[What is needed] Beginning with the line that holds "Metres and whole degrees. One" and ending with the last line below, repeat each line exactly, leaving any pictures out.

(Records from a collection)

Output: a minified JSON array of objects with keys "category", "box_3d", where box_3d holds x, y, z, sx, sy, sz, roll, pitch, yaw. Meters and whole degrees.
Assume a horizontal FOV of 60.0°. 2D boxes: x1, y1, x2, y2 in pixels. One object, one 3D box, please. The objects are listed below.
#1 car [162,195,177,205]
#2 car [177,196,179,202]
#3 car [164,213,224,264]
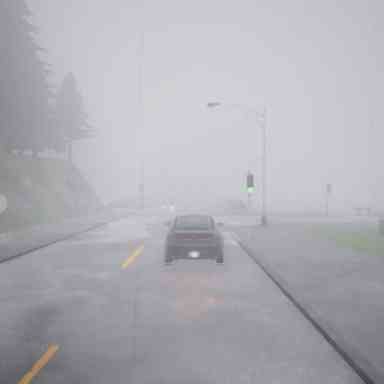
[{"category":"car","box_3d":[-4.059,1.617,57.890,1.895,1.301,4.718,0,0,1]},{"category":"car","box_3d":[-4.016,1.376,73.544,2.097,1.767,4.553,0,0,0]},{"category":"car","box_3d":[0.074,1.509,11.821,1.837,1.490,4.892,0,0,0]}]
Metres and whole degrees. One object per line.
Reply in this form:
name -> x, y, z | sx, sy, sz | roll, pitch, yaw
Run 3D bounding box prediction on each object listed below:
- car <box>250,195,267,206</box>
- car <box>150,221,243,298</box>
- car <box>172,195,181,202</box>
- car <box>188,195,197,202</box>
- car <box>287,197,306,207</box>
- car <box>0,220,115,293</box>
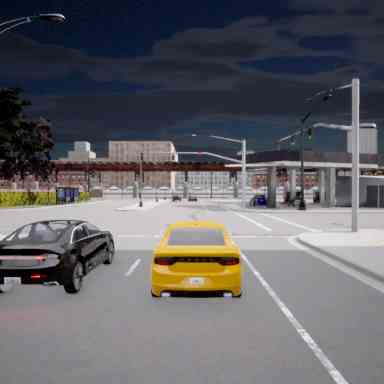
car -> 9.816, 1.253, 48.826 | 2.242, 1.667, 4.611 | 0, 0, 0
car -> 0.100, 1.468, 8.553 | 1.882, 1.535, 5.008 | 0, 0, 0
car -> -3.342, 1.386, 73.529 | 1.837, 1.490, 4.892 | 0, 0, 0
car -> 0.157, 1.446, 73.522 | 1.994, 1.385, 4.181 | 0, 0, 0
car -> 15.562, 1.425, 49.576 | 1.970, 1.475, 3.806 | 0, 0, 0
car -> -3.399, 1.474, 8.770 | 2.128, 1.511, 4.902 | 0, 0, 0
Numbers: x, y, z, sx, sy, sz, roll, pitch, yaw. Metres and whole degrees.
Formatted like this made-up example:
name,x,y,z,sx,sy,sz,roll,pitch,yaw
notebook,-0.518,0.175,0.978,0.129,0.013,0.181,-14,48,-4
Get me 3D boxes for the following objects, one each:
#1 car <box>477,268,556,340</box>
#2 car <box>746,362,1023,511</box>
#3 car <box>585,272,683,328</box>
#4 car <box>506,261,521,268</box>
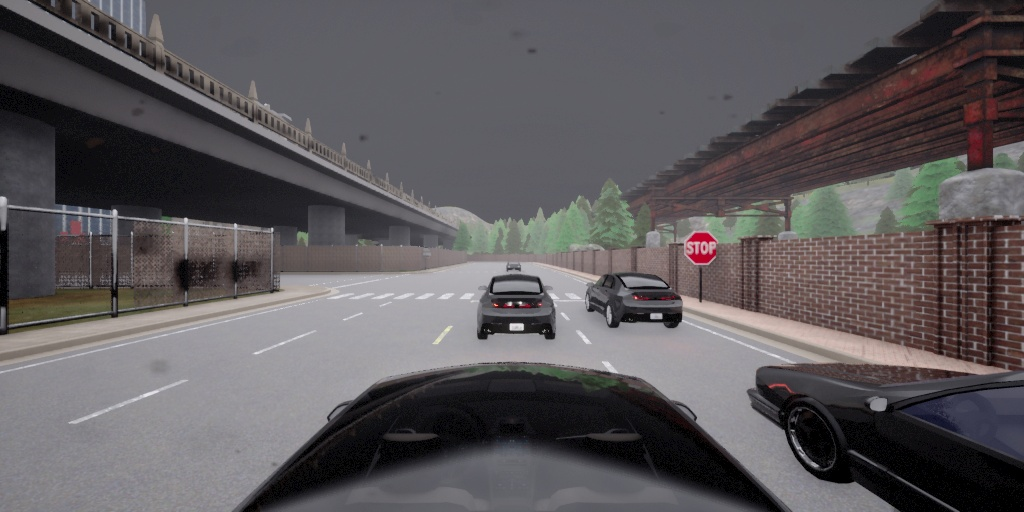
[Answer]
name,x,y,z,sx,sy,sz,roll,pitch,yaw
car,0.103,1.255,9.998,1.837,1.490,4.892,0,0,0
car,3.600,1.297,1.609,2.033,1.411,5.357,0,0,0
car,3.606,1.255,11.355,1.837,1.490,4.892,0,0,0
car,0.209,1.351,46.282,1.895,1.301,4.718,0,0,-1
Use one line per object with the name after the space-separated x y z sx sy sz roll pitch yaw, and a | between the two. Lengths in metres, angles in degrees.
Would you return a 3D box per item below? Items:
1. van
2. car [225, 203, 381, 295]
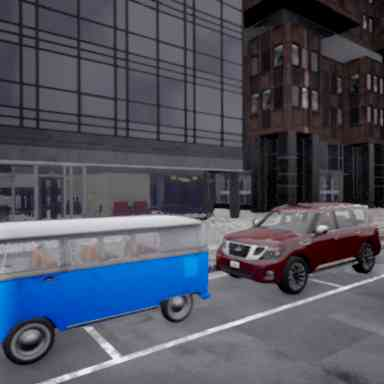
-1.576 1.325 5.519 3.998 1.788 1.690 -1 0 -35 | van
2.997 1.251 8.766 5.009 1.841 2.192 -1 0 -35 | car

[Finished task]
Metres and whole degrees. One object per line.
Reply in this form:
name -> x, y, z | sx, sy, sz | roll, pitch, yaw
Run 3D bounding box prediction on each object listed below:
- car <box>250,195,267,206</box>
- car <box>150,221,243,298</box>
- car <box>172,195,181,202</box>
- car <box>188,195,197,202</box>
- car <box>287,197,306,207</box>
- car <box>0,220,115,293</box>
car -> 9.816, 1.253, 48.826 | 2.242, 1.667, 4.611 | 0, 0, 0
car -> 0.100, 1.468, 8.553 | 1.882, 1.535, 5.008 | 0, 0, 0
car -> -3.342, 1.386, 73.529 | 1.837, 1.490, 4.892 | 0, 0, 0
car -> 0.157, 1.446, 73.522 | 1.994, 1.385, 4.181 | 0, 0, 0
car -> 15.562, 1.425, 49.576 | 1.970, 1.475, 3.806 | 0, 0, 0
car -> -3.399, 1.474, 8.770 | 2.128, 1.511, 4.902 | 0, 0, 0
Numbers: x, y, z, sx, sy, sz, roll, pitch, yaw. Metres and whole degrees.
Formatted like this made-up example:
name,x,y,z,sx,sy,sz,roll,pitch,yaw
notebook,-0.518,0.175,0.978,0.129,0.013,0.181,-14,48,-4
Get me 3D boxes for the following objects, one each:
#1 car <box>477,268,556,340</box>
#2 car <box>746,362,1023,511</box>
#3 car <box>585,272,683,328</box>
#4 car <box>506,261,521,268</box>
[Answer]
name,x,y,z,sx,sy,sz,roll,pitch,yaw
car,0.103,1.255,9.998,1.837,1.490,4.892,0,0,0
car,3.600,1.297,1.609,2.033,1.411,5.357,0,0,0
car,3.606,1.255,11.355,1.837,1.490,4.892,0,0,0
car,0.209,1.351,46.282,1.895,1.301,4.718,0,0,-1
Use one line per object with the name after the space-separated x y z sx sy sz roll pitch yaw, and a | between the two. Lengths in metres, angles in degrees.
Would you return a 3D box per item below? Items:
1. van
2. car [225, 203, 381, 295]
-1.576 1.325 5.519 3.998 1.788 1.690 -1 0 -35 | van
2.997 1.251 8.766 5.009 1.841 2.192 -1 0 -35 | car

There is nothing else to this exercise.